Work order:
How many lines in the records below contain "brief"? Reply with the number only.

Task input:
--

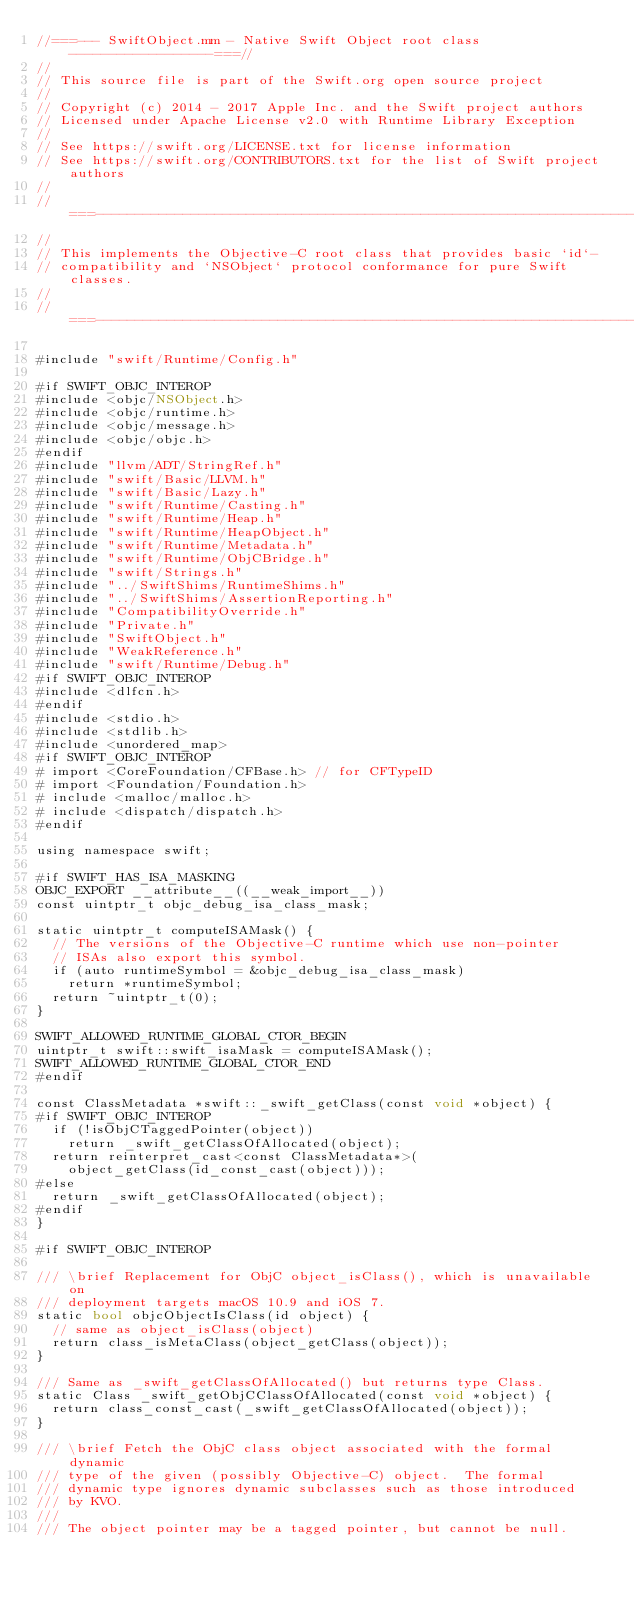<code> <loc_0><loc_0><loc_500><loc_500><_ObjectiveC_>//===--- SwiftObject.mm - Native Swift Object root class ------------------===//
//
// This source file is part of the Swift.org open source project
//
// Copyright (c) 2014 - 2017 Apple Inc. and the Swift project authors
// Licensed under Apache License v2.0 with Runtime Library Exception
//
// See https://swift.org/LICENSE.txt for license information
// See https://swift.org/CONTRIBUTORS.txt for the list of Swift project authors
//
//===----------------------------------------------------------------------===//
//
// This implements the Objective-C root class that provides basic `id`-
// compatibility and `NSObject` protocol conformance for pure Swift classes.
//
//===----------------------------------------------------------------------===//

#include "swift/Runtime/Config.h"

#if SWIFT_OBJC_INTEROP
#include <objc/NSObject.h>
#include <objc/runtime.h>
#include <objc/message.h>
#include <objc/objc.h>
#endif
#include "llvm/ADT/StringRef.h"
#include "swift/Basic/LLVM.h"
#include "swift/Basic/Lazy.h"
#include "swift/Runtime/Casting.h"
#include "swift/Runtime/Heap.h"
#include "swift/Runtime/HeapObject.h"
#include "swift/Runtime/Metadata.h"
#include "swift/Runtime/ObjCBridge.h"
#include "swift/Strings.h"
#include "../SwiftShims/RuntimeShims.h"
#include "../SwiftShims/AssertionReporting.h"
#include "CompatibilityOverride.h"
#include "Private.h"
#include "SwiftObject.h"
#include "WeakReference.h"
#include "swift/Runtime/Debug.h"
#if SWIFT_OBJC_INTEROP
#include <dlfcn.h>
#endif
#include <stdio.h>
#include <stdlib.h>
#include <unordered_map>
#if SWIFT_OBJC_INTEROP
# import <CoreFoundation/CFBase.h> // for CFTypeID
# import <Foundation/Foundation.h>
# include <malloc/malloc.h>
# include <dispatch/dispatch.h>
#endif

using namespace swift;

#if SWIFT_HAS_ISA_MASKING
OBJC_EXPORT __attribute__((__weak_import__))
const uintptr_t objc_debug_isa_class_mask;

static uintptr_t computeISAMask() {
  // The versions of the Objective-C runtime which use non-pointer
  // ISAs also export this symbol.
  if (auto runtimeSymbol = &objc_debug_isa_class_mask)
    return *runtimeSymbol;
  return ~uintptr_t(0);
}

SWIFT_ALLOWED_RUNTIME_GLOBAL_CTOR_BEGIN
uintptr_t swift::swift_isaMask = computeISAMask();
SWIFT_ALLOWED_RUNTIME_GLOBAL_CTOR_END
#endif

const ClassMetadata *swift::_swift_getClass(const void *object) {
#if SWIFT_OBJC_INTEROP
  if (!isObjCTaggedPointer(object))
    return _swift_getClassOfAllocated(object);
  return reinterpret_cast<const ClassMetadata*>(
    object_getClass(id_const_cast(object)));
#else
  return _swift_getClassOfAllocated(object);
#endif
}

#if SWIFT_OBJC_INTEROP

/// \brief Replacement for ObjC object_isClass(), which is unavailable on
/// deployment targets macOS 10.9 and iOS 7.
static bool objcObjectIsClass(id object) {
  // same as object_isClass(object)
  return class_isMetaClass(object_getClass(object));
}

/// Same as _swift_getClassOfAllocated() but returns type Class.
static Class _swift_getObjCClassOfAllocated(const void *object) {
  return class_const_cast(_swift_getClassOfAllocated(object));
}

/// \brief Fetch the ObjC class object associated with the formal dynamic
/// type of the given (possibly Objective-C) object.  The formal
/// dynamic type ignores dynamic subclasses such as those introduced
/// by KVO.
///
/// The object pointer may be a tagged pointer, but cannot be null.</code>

--

Output of the task:
2